MATERIAL PROVIDED below:
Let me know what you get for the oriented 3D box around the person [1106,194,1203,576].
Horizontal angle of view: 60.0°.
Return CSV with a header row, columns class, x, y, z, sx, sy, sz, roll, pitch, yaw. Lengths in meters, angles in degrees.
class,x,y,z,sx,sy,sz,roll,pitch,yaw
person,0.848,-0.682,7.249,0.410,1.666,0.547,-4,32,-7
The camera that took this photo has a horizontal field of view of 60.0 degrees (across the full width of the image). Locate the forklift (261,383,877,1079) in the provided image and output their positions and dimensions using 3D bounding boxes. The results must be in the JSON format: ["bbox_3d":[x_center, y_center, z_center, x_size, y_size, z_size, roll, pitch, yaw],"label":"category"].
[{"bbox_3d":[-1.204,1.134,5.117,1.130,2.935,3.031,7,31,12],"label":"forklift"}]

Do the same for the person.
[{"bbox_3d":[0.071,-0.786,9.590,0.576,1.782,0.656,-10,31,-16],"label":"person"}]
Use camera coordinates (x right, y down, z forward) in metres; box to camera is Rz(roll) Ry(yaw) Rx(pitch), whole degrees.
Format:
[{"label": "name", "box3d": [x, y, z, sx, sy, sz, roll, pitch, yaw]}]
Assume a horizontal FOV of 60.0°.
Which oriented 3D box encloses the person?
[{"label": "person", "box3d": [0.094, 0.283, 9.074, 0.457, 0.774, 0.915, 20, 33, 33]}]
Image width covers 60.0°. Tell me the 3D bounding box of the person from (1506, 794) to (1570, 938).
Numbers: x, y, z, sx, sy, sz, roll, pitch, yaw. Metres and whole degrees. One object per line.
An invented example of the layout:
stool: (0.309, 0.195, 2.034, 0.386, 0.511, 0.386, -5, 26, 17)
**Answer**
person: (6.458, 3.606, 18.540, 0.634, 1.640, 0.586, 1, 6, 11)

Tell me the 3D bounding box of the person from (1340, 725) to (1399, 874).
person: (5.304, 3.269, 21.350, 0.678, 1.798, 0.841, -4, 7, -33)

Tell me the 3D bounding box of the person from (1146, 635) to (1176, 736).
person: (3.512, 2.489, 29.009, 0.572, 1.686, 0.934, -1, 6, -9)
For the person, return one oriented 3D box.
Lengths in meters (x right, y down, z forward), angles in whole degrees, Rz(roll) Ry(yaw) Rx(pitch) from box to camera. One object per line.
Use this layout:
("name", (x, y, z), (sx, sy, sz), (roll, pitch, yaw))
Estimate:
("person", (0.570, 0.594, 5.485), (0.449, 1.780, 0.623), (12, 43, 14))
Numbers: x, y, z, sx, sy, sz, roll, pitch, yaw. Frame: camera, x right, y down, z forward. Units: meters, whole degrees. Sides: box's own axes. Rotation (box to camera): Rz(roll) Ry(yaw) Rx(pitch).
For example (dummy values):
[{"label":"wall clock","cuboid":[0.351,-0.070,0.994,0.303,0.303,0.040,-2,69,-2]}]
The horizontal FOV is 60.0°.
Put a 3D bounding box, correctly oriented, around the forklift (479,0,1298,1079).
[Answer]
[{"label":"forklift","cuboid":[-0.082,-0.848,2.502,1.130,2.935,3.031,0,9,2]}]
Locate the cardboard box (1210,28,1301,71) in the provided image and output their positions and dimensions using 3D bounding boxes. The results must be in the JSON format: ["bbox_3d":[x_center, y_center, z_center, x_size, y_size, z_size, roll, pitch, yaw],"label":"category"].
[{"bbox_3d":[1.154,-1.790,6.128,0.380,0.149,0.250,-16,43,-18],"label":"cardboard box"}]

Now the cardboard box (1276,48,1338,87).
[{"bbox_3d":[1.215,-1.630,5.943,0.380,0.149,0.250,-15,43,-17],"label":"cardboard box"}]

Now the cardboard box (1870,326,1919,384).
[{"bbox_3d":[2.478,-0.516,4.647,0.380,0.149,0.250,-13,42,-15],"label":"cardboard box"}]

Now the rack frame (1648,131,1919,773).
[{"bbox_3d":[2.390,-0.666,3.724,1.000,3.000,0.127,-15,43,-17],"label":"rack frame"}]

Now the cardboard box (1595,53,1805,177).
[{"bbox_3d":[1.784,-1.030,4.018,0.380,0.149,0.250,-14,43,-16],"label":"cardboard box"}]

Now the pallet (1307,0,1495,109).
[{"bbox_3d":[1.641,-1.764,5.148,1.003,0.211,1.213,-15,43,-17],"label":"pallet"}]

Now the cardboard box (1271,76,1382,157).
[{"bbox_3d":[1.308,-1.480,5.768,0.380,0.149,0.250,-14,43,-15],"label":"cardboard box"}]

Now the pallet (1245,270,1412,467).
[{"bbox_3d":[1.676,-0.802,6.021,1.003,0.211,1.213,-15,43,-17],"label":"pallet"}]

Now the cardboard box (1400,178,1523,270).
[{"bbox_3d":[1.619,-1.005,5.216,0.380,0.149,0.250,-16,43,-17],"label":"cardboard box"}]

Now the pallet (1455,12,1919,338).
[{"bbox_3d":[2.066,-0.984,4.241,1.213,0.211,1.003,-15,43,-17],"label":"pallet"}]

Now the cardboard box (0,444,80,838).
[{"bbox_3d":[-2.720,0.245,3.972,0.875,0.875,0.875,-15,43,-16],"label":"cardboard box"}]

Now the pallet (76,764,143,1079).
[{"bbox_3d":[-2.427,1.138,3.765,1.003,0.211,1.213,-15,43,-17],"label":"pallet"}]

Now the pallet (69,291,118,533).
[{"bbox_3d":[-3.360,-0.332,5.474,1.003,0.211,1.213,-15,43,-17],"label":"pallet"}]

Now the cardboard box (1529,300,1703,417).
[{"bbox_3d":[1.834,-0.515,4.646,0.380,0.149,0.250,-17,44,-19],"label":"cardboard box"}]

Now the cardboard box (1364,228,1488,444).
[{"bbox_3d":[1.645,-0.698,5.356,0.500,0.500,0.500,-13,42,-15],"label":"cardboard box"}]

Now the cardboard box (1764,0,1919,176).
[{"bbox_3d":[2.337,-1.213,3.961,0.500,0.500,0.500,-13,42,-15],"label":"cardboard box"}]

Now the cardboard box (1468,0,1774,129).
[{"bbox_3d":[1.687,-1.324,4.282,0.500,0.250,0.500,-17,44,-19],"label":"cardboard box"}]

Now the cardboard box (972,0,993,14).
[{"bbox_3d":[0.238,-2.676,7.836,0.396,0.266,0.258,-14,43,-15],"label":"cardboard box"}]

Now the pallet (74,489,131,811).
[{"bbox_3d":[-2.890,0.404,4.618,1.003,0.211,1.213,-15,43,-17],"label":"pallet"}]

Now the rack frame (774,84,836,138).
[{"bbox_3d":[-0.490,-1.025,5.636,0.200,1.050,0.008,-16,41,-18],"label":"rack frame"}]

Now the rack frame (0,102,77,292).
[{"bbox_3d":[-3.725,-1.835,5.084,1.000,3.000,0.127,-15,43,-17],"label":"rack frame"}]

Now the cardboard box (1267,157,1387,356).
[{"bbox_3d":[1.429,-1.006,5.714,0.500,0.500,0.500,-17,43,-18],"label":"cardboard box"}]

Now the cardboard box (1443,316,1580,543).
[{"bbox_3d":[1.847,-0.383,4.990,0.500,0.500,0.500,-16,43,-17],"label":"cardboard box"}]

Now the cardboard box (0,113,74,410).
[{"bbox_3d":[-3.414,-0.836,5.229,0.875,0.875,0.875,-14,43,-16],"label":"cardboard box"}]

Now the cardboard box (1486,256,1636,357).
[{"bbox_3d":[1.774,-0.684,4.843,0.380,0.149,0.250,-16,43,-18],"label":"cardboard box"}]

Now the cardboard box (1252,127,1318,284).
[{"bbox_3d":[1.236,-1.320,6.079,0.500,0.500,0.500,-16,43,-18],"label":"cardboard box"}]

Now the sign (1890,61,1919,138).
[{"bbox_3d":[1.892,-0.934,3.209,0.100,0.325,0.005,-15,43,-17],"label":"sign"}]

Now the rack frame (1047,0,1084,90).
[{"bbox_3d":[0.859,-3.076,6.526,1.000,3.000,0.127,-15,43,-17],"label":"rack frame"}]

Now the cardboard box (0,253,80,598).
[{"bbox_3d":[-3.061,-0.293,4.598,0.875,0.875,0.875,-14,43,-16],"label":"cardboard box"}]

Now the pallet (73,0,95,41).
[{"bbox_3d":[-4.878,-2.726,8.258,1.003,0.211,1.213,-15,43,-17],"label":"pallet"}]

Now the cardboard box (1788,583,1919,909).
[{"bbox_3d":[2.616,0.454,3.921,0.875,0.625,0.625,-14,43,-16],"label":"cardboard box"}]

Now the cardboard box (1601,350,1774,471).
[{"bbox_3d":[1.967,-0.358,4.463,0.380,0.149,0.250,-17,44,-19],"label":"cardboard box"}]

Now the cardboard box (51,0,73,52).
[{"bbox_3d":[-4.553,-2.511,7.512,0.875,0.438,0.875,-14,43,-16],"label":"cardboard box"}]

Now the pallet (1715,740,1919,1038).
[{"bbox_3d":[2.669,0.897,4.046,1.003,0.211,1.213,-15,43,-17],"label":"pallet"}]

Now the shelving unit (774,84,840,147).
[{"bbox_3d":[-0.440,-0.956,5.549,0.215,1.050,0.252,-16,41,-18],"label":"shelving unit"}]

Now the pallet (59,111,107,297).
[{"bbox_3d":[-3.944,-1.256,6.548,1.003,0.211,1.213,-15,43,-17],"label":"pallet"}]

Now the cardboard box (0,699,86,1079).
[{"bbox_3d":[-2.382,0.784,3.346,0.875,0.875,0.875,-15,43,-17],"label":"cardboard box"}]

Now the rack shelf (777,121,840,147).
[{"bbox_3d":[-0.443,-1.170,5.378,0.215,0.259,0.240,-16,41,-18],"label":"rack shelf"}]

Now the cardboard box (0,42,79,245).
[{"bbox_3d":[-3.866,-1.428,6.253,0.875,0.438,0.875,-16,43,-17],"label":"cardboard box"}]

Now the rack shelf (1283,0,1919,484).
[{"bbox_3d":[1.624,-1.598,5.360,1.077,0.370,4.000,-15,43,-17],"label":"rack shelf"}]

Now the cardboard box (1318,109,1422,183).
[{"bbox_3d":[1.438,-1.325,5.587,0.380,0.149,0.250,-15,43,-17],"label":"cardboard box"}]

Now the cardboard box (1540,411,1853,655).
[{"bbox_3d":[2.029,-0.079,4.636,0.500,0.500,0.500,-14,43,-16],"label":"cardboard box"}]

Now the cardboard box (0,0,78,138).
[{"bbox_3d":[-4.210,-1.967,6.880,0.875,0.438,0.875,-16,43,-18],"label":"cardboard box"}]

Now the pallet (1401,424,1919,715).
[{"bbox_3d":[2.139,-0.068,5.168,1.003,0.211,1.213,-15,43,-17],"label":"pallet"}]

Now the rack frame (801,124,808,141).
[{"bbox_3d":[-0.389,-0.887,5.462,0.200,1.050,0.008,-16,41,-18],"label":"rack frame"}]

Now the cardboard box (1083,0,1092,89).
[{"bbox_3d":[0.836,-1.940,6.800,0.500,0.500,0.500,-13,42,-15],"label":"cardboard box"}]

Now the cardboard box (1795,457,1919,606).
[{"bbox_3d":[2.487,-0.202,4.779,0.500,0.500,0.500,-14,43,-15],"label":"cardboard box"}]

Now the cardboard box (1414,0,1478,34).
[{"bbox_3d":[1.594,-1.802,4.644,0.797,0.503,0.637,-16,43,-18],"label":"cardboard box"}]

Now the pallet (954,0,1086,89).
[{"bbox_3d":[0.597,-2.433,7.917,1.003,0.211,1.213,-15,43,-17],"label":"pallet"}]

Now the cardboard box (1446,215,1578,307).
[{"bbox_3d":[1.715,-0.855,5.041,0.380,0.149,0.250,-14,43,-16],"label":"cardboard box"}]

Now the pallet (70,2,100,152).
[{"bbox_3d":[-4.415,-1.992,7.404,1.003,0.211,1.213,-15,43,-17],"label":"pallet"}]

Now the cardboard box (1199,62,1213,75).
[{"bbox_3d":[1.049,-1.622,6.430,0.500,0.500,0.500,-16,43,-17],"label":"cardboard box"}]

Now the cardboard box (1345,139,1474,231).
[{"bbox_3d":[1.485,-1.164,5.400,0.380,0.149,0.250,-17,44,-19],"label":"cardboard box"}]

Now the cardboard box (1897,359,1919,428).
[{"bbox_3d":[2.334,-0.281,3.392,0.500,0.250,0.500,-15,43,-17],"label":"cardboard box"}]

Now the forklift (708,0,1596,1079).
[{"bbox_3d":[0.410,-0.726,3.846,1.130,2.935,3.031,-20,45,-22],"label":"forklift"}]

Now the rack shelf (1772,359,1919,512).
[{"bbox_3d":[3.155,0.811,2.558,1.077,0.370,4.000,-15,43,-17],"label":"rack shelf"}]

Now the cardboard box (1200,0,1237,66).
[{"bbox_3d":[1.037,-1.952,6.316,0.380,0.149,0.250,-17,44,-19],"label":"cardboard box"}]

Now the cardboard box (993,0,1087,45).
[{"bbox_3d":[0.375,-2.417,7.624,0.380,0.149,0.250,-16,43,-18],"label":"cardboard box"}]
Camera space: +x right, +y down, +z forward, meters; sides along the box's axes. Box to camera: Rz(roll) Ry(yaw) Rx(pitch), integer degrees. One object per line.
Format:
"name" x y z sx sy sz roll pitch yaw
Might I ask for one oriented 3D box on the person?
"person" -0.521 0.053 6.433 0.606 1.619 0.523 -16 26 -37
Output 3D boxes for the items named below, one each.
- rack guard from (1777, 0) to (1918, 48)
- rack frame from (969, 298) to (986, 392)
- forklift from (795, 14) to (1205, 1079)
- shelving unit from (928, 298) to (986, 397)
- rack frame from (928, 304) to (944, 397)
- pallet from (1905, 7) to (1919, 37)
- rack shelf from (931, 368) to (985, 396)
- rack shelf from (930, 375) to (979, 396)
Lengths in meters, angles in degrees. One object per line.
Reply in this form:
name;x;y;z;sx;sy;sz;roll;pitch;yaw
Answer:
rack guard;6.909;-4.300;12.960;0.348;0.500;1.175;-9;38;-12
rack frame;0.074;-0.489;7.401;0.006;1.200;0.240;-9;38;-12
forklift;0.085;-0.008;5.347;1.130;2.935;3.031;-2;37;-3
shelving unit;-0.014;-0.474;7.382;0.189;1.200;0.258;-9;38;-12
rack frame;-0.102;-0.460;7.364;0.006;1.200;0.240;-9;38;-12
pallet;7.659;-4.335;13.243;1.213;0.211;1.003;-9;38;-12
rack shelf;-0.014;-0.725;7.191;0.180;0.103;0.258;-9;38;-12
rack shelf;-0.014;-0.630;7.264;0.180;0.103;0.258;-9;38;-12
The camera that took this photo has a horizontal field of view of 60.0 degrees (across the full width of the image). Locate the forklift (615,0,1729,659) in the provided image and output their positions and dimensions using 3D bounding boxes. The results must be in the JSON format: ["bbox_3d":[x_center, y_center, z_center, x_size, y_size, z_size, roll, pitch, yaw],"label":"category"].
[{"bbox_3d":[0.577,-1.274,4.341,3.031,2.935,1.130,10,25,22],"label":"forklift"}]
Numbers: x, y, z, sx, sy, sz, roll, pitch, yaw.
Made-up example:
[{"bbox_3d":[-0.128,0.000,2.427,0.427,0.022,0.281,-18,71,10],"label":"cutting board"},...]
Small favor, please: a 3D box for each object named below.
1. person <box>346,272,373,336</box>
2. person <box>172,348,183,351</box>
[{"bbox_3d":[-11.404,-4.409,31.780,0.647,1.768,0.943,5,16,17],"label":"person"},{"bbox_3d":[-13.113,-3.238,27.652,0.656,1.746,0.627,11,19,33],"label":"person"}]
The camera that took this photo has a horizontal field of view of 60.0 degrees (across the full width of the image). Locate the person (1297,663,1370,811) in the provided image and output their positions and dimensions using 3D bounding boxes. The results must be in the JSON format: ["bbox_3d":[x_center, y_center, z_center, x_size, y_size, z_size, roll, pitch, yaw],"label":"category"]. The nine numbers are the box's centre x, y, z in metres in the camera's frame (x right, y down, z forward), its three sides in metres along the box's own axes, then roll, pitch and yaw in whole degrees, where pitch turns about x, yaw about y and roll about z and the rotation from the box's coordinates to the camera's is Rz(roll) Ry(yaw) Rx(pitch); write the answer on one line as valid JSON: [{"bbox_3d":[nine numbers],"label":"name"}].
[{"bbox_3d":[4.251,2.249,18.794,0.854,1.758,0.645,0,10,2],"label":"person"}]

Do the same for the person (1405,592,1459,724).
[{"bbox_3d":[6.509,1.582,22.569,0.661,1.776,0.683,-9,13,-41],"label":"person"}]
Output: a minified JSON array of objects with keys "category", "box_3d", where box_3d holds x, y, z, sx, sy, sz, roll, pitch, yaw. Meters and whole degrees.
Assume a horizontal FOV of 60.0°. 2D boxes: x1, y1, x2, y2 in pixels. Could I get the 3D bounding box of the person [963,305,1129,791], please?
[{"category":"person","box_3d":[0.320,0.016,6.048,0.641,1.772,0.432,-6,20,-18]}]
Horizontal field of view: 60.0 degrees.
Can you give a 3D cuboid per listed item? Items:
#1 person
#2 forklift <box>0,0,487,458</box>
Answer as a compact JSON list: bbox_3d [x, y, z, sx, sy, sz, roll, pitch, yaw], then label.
End of MATERIAL PROVIDED.
== EXERCISE DIRECTIONS ==
Reproduce only the lines above, starting at the line with "An invented example" and ending at the line with "For the person, return one oriented 3D box.", exactly as written.

== RESULT OF THIS TASK ==
An invented example of the layout:
stool: (0.309, 0.195, 2.034, 0.386, 0.511, 0.386, -5, 26, 17)
**Answer**
person: (6.458, 3.606, 18.540, 0.634, 1.640, 0.586, 1, 6, 11)

Tell me the 3D bounding box of the person from (1340, 725) to (1399, 874).
person: (5.304, 3.269, 21.350, 0.678, 1.798, 0.841, -4, 7, -33)

Tell me the 3D bounding box of the person from (1146, 635) to (1176, 736).
person: (3.512, 2.489, 29.009, 0.572, 1.686, 0.934, -1, 6, -9)
For the person, return one oriented 3D box.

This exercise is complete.